### [Material provided]
# # # #

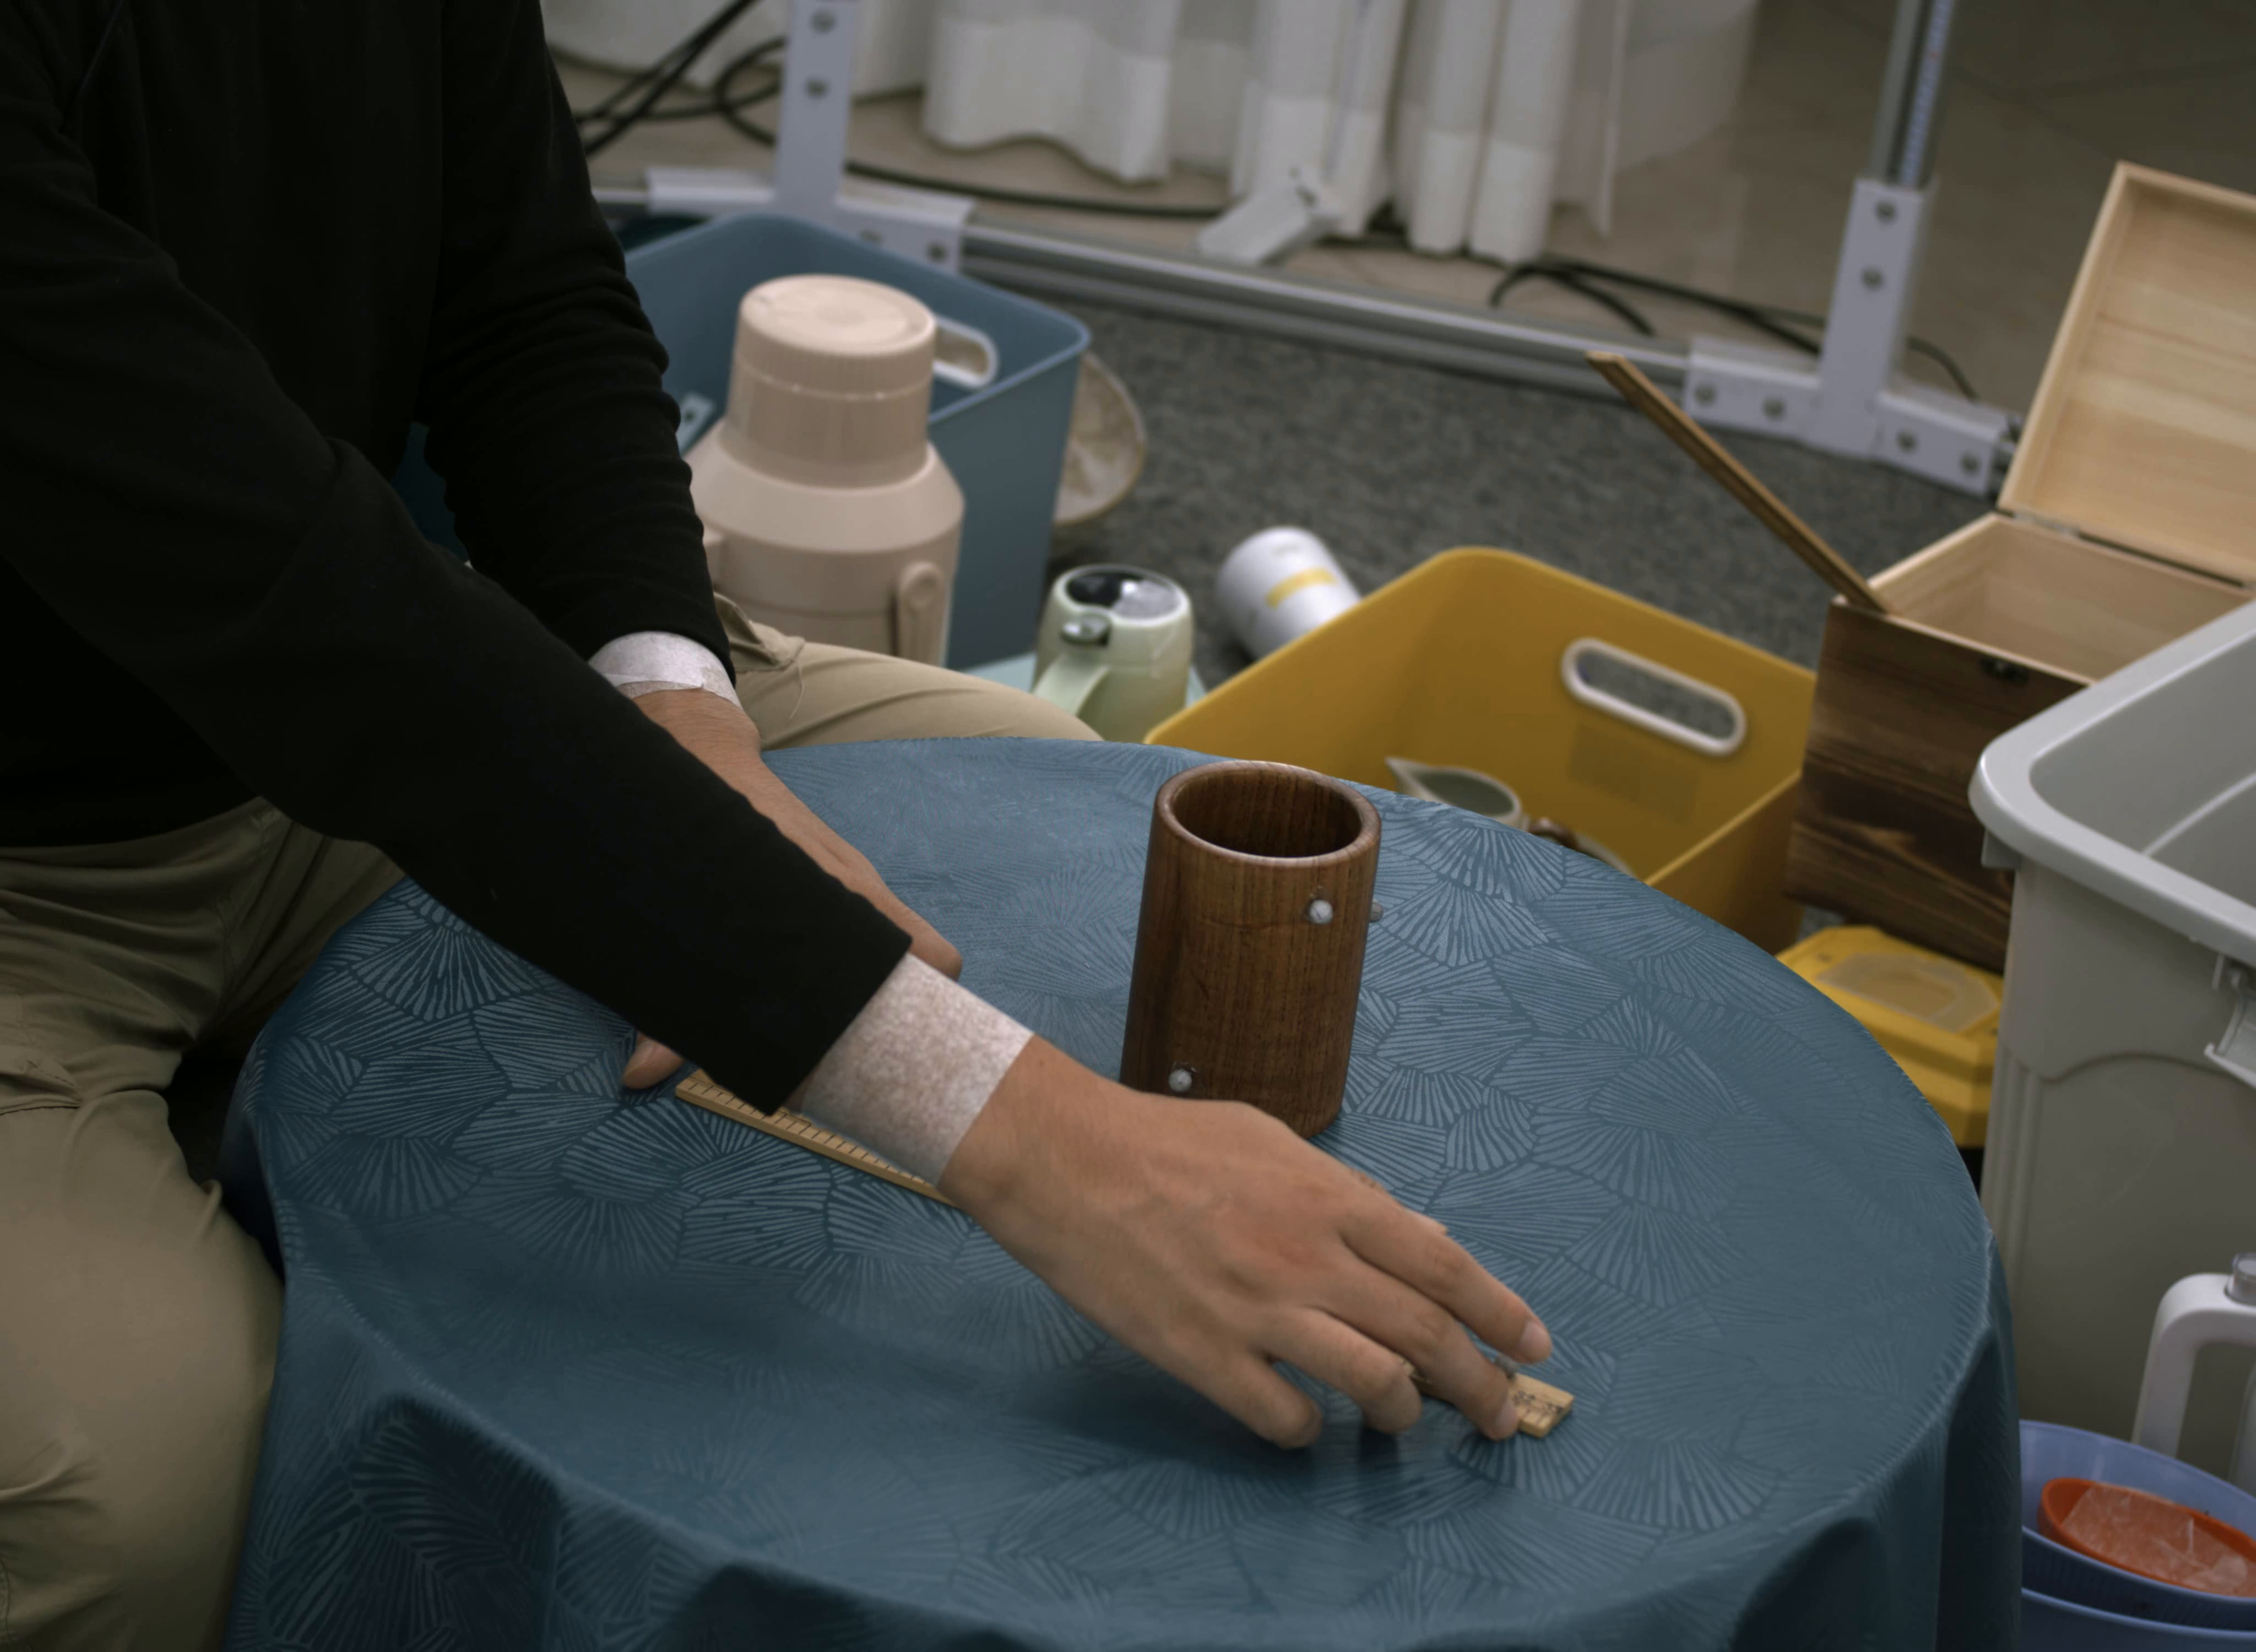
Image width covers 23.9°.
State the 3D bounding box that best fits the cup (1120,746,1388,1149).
[{"bbox_3d":[0.043,0.042,1.843,0.087,0.118,0.088,6,26,-3],"label":"cup"}]

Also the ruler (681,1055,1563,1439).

# # # #

### [Goal of the exercise]
Exclude all images and return the listing word for word.

### [Written response]
Image width covers 23.9°.
State the 3D bounding box that best fits the cup (1120,746,1388,1149).
[{"bbox_3d":[0.043,0.042,1.843,0.087,0.118,0.088,6,26,-3],"label":"cup"}]

Also the ruler (681,1055,1563,1439).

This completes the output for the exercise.